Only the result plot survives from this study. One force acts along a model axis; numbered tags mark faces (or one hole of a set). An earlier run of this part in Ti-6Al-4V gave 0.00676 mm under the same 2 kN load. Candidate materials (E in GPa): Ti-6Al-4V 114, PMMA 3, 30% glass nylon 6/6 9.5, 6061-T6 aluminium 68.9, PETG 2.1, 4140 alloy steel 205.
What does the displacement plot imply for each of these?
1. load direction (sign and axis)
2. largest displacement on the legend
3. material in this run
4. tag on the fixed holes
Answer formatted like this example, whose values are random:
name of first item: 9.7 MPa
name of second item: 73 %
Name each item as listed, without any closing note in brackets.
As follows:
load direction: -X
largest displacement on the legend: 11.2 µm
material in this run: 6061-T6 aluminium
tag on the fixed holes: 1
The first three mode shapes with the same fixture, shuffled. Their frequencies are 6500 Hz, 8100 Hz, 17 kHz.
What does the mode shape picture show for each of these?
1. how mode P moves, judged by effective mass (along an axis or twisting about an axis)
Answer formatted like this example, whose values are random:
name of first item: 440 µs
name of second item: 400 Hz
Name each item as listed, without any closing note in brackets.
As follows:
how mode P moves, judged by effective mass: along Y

———

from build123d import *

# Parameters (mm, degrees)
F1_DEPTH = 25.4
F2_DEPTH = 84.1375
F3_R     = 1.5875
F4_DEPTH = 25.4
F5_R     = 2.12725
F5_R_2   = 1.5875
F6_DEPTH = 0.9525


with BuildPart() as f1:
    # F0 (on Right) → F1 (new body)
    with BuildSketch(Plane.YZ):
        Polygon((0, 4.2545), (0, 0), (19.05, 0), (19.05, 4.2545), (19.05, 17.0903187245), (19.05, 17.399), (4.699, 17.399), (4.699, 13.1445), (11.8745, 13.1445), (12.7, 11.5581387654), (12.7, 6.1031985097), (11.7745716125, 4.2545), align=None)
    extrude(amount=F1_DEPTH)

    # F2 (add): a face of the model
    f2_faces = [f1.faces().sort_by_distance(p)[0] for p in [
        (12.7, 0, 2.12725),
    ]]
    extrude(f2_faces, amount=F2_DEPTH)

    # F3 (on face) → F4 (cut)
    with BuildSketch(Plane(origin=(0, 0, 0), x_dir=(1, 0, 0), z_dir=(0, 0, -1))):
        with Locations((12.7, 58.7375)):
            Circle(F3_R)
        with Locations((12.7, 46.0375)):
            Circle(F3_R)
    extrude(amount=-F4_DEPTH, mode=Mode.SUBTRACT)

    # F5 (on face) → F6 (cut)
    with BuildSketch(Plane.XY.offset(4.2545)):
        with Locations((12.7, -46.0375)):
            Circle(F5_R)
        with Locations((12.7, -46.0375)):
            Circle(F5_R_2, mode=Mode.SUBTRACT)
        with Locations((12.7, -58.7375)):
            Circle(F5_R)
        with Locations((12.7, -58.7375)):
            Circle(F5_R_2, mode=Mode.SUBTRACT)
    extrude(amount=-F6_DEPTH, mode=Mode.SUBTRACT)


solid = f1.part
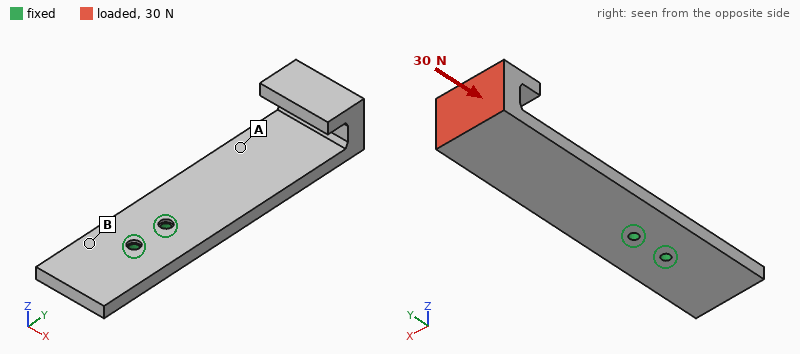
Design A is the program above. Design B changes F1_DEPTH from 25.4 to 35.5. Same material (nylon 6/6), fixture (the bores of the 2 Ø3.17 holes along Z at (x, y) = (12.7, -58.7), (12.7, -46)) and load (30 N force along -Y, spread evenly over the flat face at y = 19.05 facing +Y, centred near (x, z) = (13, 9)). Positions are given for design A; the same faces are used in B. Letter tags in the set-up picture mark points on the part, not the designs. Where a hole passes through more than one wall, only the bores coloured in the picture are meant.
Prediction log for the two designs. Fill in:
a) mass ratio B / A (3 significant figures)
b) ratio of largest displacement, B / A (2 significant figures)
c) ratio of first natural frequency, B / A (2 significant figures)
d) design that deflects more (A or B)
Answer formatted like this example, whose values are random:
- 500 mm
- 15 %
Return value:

———

Repeat exactly the lines above from the one with "extrude(amount=F1_DEPTH)" up to and including the one with "# F3 (on face) → F4 (cut)". No other line belongs in the reply.

    extrude(amount=F1_DEPTH)

    # F2 (add): a face of the model
    f2_faces = [f1.faces().sort_by_distance(p)[0] for p in [
        (12.7, 0, 2.12725),
    ]]
    extrude(f2_faces, amount=F2_DEPTH)

    # F3 (on face) → F4 (cut)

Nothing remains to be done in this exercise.